Usman then appointed Martani as his fifth deputy, responsible for institutional affairs and ventures, on 11 October that year. As the deputy rector responsible for institutional affairs and ventures, Martani oversaw cooperation between the university and the Harvard University and launching of the university's public television. He also established the Daya Makara company, a company owned by the university, and became its president director. He later assumed office as member of the Indonesian Broadcasting Commission. In 2005, the university's administration was streamlined, and the office of the third, fourth, and fifth deputy rector were abolished.

== Government career ==
Shortly after the abolition, Martani moved to the government. On 26 May 2005, Martani became the member of the supervisory board of the state radio after passing an assessment by the House of Representatives. Less than a month later, on 23 June Martani was installed as the director general of fisheries product processing and marketing by minister of marine affairs and fisheries Freddy Numberi.

Early in his tenure as director general, Martani faced U.S. Customs and Border Protection investigation on ten Indonesian export companies suspected of transshipping Chinese shrimps. In response to the allegations, Martani stated that the Indonesian government had already closed shrimp import channels and extended the import ban. In conjunction with pressures from the fisheries association, the department of marine affairs and fisheries launched their own investigation. Martani, along with other government officials, was sent to the United States to negotiate and prevent embargo from the United States.

Following the issue, Indonesia was faced with another possible embargo, this time coming from the European Union (EU). The EU issued a final warning to Indonesia over the health and quality standards of its fishery products and threatened embargo if improvements were not made as soon as possible. The issue was worsened with a ban on Indonesian flights to cross EU airspace. He was then sent to the EU headquarters in Brussels along with officials from the Department of Trade to promote Indonesian exports and prevent the embargo from being implemented.

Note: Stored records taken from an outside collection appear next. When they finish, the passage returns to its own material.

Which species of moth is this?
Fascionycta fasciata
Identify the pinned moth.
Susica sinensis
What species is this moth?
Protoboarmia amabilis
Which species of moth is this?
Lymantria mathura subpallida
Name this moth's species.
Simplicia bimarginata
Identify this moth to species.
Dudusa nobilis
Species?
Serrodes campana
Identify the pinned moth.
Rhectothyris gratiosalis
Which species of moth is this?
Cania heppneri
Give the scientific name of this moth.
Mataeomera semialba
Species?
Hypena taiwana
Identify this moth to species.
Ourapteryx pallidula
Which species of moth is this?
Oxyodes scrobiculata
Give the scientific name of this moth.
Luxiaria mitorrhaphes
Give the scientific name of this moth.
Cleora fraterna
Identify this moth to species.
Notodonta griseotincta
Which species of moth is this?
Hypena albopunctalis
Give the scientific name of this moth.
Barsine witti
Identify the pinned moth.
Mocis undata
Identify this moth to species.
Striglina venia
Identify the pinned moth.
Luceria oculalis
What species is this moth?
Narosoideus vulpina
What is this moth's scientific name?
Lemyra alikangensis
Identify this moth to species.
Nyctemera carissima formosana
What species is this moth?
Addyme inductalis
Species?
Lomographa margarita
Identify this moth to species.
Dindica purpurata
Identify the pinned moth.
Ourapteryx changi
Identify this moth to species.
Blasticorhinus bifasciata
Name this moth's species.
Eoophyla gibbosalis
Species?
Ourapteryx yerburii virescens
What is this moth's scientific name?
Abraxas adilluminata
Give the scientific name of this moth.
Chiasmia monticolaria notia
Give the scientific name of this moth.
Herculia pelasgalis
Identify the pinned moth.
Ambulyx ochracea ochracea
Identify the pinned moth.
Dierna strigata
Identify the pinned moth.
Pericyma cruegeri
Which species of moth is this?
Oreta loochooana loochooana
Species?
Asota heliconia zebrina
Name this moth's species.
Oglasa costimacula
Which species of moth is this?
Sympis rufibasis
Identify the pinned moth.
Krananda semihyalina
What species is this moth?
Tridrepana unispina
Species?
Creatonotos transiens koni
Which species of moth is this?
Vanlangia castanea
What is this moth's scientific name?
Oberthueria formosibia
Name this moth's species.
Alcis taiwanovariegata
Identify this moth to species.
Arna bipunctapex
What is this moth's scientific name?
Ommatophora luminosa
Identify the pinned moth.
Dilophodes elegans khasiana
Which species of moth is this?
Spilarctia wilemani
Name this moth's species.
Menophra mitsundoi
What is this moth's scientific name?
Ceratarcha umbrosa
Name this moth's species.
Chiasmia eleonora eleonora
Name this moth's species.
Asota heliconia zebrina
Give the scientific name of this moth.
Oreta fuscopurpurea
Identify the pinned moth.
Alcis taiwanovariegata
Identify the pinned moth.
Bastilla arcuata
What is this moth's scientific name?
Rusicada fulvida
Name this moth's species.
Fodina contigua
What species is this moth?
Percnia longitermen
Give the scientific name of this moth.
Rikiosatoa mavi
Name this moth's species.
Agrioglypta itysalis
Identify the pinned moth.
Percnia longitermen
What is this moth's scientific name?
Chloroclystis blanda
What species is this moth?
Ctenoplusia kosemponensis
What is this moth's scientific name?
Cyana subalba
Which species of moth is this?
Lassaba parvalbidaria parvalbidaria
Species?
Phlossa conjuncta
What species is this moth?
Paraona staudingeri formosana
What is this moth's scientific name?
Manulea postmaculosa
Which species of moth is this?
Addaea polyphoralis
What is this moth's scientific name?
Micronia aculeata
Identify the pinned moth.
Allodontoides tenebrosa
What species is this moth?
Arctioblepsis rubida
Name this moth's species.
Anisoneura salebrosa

Martani retired from his office as director general on 14 Februari 2011 and was replaced with Victor Nikijuluw, who had previously served as director for business and investment under him. Shortly after his retirement, Martani criticized the appointment of deputy ministers by President Susilo Bambang Yudhoyono, claiming that it caused the cabinet to grow overly large and inefficient and suggested the president to issue presidential regulation to clearly define the duties and operational scope of deputy ministers.

== Later life ==
Martani returned to academia and held a number of faculty and university positions, including chairman of the Center for Innovative Governance cluster under the faculty of administrative sciences and a member of the third committee of the council of professors of the university, responsible for supervising researches, majors, and doctoral programme evaluation. He also became an advisor to the business administration department in the Brawijaya University and chairman of the Interstudi Communications School sometime in the 2020s.

Outside the academia, Martani chaired several fishery associations, including the Indonesian Tuna Association and the Indonesian Association for Eel Farming. In January 2020, Martani was appointed as advisor to the Minister of Maritime Affairs and Fisheries Edhy Prabowo for the processing and marketing of fisheries products.